Analytical studies examine interfaces in terms of the static and dynamic aspects of the presentation, structure and access of information.
Leung and Apperley proposed an evaluation framework called
where
expressiveness, efficiency, and effectiveness of graphical data
presentations are examined [103]. In this framework
expressiveness is defined as the ability of the representation
technique to encode the underlying data accurately and
consistently. Efficiency is the ratio of the amount of information
presented on the display surface to that in the represented data
set. Effectiveness is a function of both the expressiveness and the
efficiency as well as of interactive tasks specifically locating,
interpreting and relating pieces of information.

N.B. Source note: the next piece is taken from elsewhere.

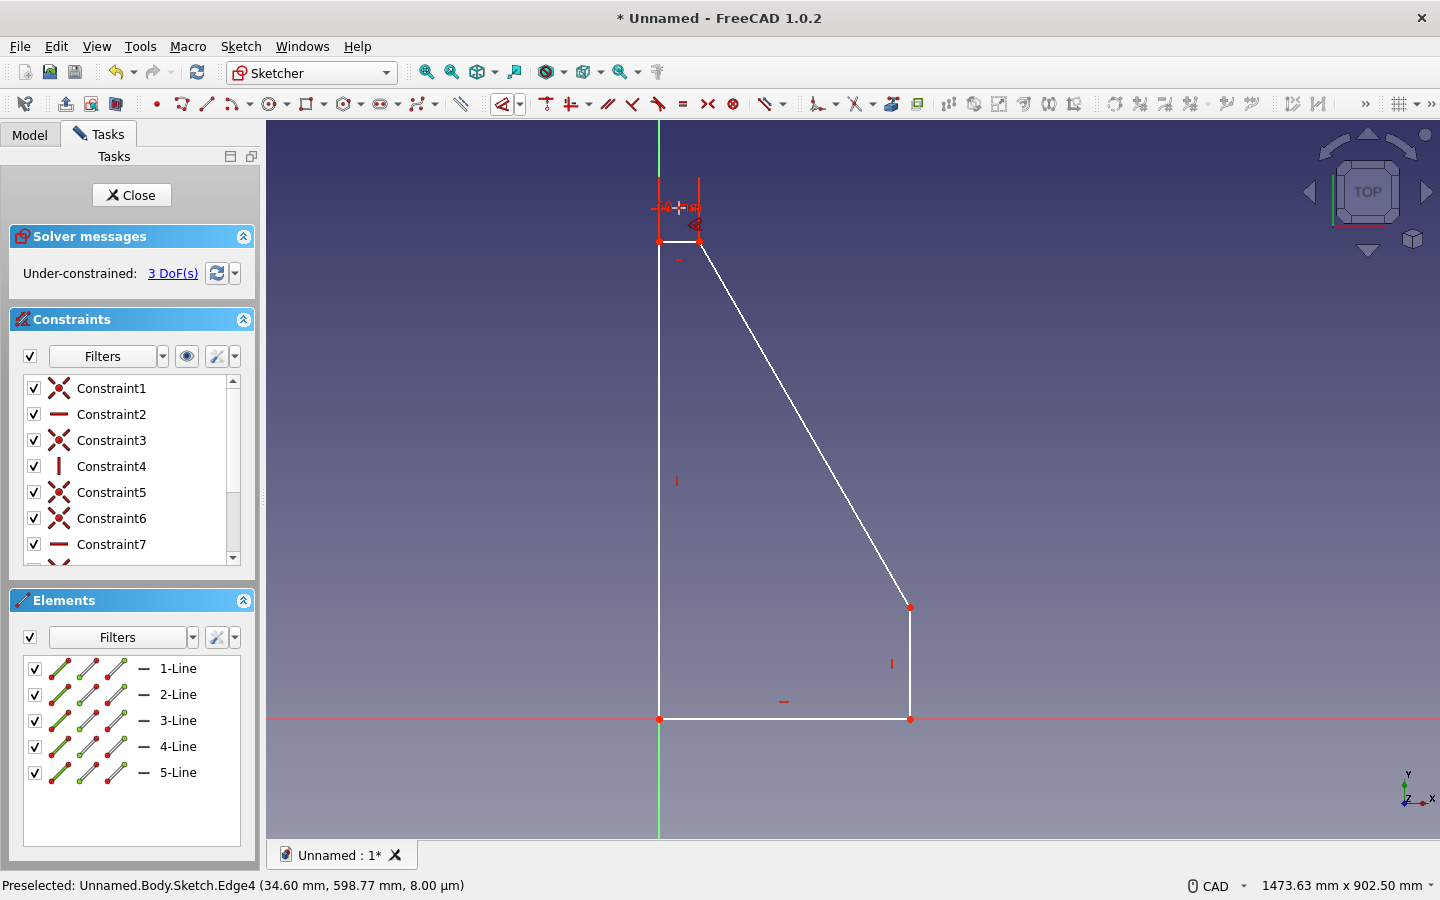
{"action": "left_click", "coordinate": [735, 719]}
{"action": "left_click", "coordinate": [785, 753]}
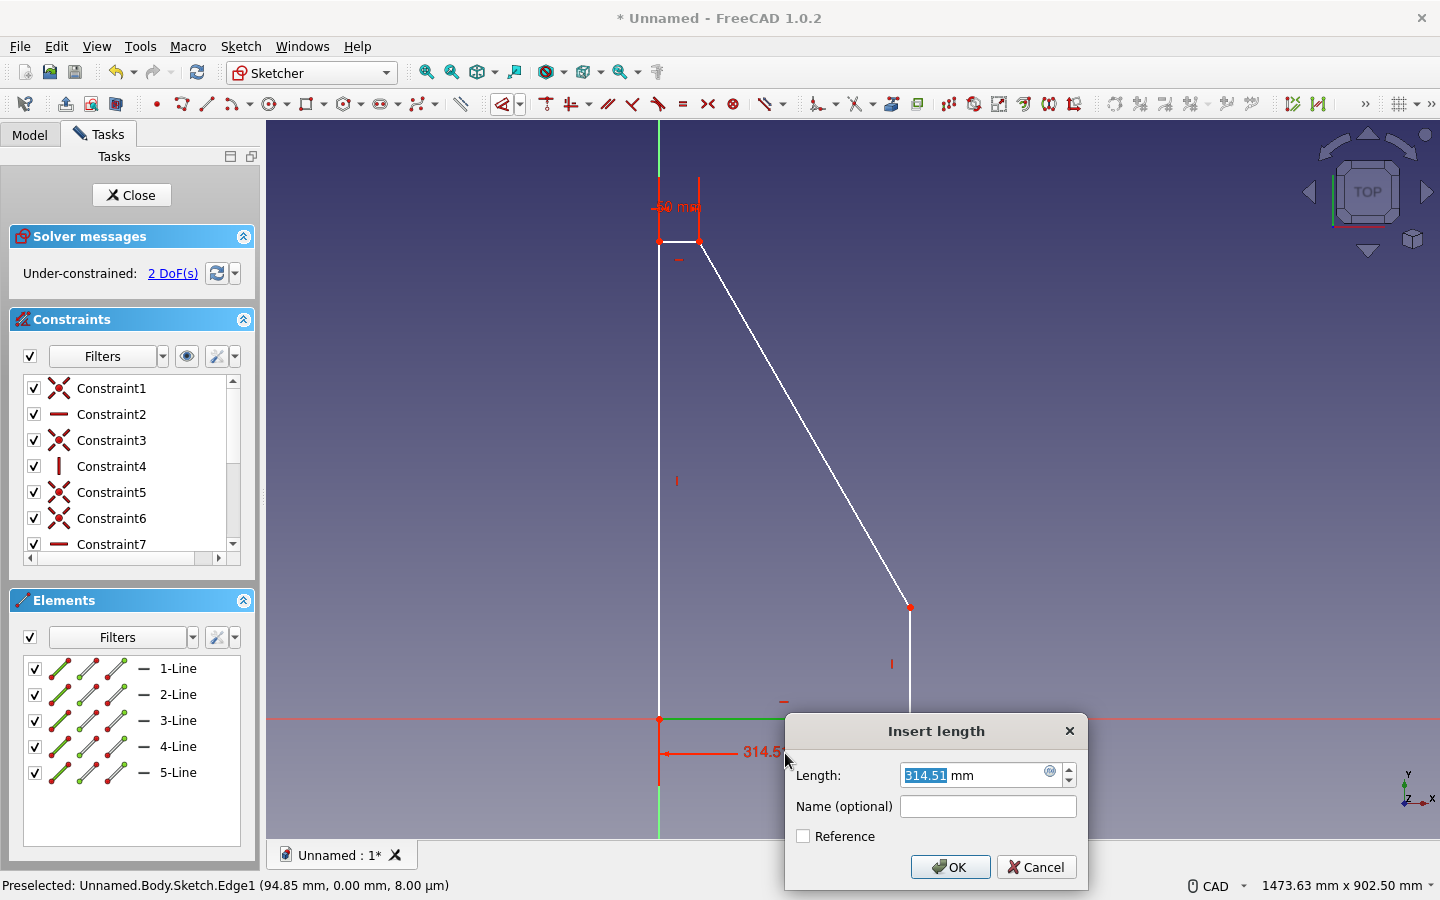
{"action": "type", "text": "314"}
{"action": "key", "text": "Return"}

Typically information in an interface is accessed through a series of user interactions to traverse the information structure of the interface. For the cost analysis of this structure, Card et al.[104] introduced cost of knowledge characteristic function for characterizing information access from dynamic displays, where the cost is determined as the time to access a piece of information. This function is expected to be used by interface designers to improve information accessibility by rearranging the information structure.
Information foraging theory is an extension of the cost of knowledge characteristic function by Pirolli and Card which analyzes the trade-offs in the value of information gained against the cost of performing the activity in interaction tasks [105]. In this theory, rate of currency (e.g. information value) intake is the net amount of currency gained divided by the total amount of time spent searching and exploiting. The gain is the overall currency intake less the currency expended in foraging. Pirolli and Card used these metrics to analyze an information browsing interface and examined its optimum information cluster size.
Furnas examined static information structures, which users navigate, by first building a viewing graph [106]. Then, different aspects of this viewing graph are analyzed to determine whether they support effective view navigation. Basically, it is claimed that aspects such as node out-degree and distances should be small compared to the size of the structure for an effective view navigation.
Brath proposed a number of metrics such as number of data points and dimensions, data density, percentage of occlusion and identifiable points for effective information visualization [107]. While these metrics are useful in analyzing static aspects, they assume no interaction, thus they are not applicable for dynamic visualizations.
Woods coined the term visual momentum to examine cognitive load on users to identify relevant data on successive displays based on the operation of the human visual system, specifically eye fixations [108]. This concept is applicable to any interface where information is dynamically changing on consecutive displays.